Description: Part of proof of Lemma K of Crawley p. 118. TODO: fix comment. (Contributed by NM, 19-Jul-2013)

Ref Expression
Hypothesis cdlemk41.y 
|- Y = ( ( P .\/ ( R ` g ) ) ./\ ( Z .\/ ( R ` ( g o. `' b ) ) ) )
Assertion cdlemk41 
|- ( G e. T -> [_ G / g ]_ Y = ( ( P .\/ ( R ` G ) ) ./\ ( Z .\/ ( R ` ( G o. `' b ) ) ) ) )

Proof

Step Hyp Ref Expression
1 cdlemk41.y 
 |-  Y = ( ( P .\/ ( R ` g ) ) ./\ ( Z .\/ ( R ` ( g o. `' b ) ) ) )
2 nfcvd 
 |-  ( G e.
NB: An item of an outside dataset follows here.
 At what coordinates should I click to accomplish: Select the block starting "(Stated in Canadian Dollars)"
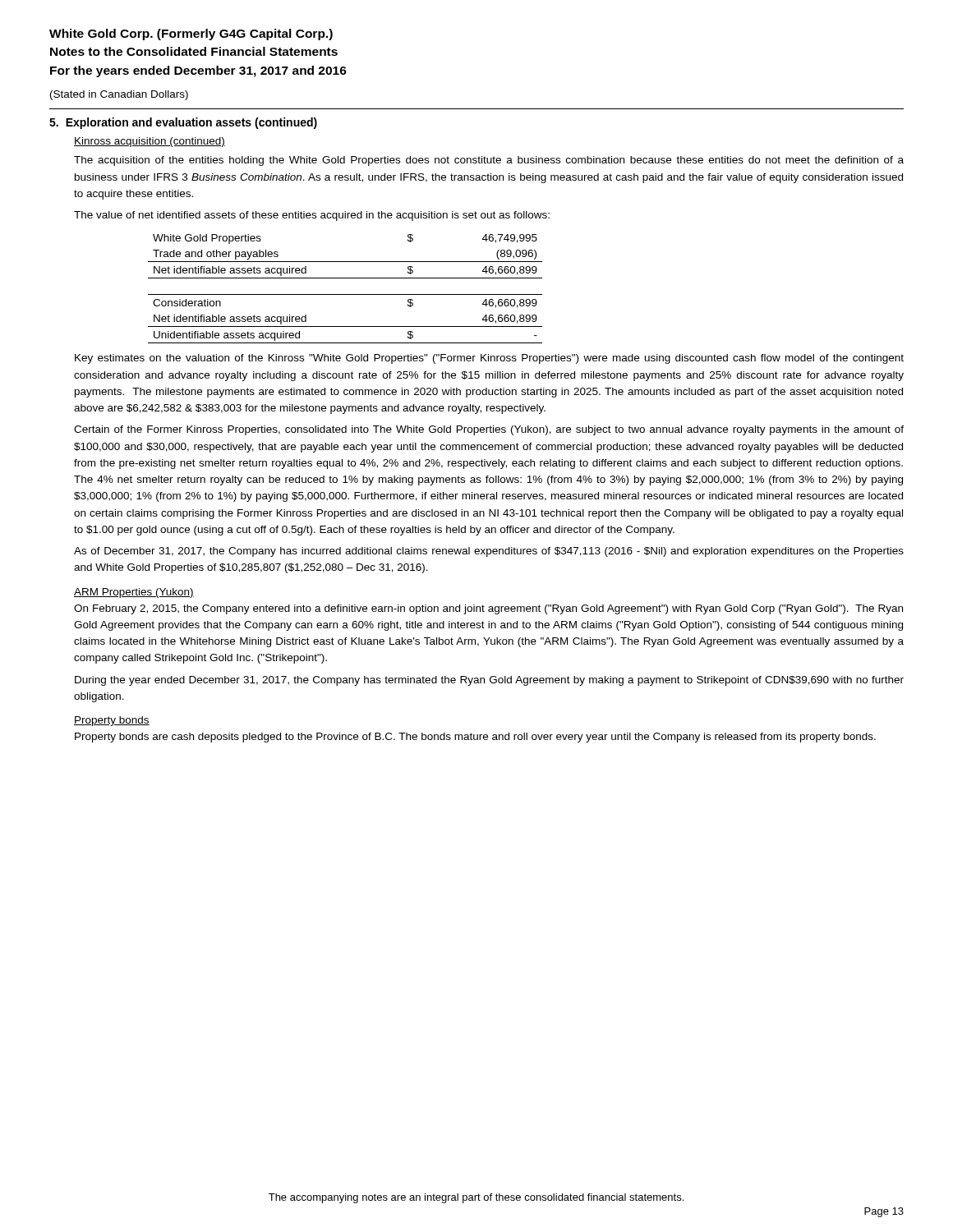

T -> F/_ g ( ( P .\/ ( R ` G ) ) ./\ ( Z .\/ ( R ` ( G o. `' b ) ) ) ) )
3 fveq2 
 |-  ( g = G -> ( R ` g ) = ( R ` G ) )
4 3 oveq2d 
 |-  ( g = G -> ( P .\/ ( R ` g ) ) = ( P .\/ ( R ` G ) ) )
5 coeq1 
 |-  ( g = G -> ( g o. `' b ) = ( G o. `' b ) )
6 5 fveq2d 
 |-  ( g = G -> ( R ` ( g o. `' b ) ) = ( R ` ( G o. `' b ) ) )
7 6 oveq2d 
 |-  ( g = G -> ( Z .\/ ( R ` ( g o. `' b ) ) ) = ( Z .\/ ( R ` ( G o. `' b ) ) ) )
8 4 7 oveq12d 
 |-  ( g = G -> ( ( P .\/ ( R ` g ) ) ./\ ( Z .\/ ( R ` ( g o. `' b ) ) ) ) = ( ( P .\/ ( R ` G ) ) ./\ ( Z .\/ ( R ` ( G o. `' b ) ) ) ) )
9 1 8 eqtrid 
 |-  ( g = G -> Y = ( ( P .\/ ( R ` G ) ) ./\ ( Z .\/ ( R ` ( G o. `' b ) ) ) ) )
10 2 9 csbiegf 
 |-  ( G e. T -> [_ G / g ]_ Y = ( ( P .\/ ( R ` G ) ) ./\ ( Z .\/ ( R ` ( G o. `' b ) ) ) ) )